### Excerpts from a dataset
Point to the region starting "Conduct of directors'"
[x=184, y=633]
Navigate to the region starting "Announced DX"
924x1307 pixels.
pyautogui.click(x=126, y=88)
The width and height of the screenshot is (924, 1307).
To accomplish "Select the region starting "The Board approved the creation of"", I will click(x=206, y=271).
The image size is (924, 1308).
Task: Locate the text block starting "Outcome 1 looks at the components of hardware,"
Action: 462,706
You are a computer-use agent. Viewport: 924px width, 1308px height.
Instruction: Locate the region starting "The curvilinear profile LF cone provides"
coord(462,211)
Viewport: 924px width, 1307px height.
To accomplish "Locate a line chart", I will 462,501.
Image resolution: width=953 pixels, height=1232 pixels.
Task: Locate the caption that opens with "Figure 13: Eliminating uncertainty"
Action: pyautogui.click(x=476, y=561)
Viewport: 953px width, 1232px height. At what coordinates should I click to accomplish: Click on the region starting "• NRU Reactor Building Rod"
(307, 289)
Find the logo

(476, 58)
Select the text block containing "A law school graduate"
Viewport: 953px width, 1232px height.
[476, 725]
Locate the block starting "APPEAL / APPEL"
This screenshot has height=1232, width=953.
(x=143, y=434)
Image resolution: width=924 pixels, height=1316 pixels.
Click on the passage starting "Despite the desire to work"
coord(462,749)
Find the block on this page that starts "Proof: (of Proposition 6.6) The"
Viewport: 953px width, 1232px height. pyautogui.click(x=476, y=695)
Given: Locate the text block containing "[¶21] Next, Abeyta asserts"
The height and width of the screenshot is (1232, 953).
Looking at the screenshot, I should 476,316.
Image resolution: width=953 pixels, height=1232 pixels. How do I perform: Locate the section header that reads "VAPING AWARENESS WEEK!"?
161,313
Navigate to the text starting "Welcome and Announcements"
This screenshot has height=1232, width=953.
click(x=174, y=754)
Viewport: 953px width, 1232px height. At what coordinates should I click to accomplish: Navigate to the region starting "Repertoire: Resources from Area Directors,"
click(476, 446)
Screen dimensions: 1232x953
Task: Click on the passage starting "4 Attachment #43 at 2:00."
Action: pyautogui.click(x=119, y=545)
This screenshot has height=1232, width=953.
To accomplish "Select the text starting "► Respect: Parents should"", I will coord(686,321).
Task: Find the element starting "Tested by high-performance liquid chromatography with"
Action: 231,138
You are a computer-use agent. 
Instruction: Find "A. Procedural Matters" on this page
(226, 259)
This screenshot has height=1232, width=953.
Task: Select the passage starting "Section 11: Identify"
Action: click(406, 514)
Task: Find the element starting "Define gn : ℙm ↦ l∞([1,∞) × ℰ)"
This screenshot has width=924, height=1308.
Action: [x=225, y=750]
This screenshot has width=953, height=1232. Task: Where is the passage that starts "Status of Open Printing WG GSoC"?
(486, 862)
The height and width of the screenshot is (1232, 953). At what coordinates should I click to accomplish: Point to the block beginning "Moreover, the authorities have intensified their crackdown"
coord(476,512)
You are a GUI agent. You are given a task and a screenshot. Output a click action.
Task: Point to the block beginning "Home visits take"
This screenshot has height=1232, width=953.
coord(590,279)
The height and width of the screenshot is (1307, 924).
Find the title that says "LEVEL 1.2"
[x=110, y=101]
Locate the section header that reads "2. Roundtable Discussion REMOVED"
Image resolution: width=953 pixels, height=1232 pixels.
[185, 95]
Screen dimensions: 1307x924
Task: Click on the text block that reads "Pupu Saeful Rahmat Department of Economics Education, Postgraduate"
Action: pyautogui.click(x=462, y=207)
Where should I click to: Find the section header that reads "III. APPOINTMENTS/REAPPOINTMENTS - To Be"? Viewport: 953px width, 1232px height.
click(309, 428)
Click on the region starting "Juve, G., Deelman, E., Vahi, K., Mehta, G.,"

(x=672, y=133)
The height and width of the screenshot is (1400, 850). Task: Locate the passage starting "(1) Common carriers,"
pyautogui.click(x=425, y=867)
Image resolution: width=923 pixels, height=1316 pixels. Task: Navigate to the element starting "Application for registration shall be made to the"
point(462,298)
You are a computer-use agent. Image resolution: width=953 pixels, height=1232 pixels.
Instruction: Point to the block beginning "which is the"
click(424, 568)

### Exercise prompt
Lines holding "computer" in the data above: copy each of them.

### Task answer
You are a computer-use agent. Viewport: 924px width, 1308px height.
You are a computer-use agent. 
You are a computer-use agent. Image resolution: width=953 pixels, height=1232 pixels.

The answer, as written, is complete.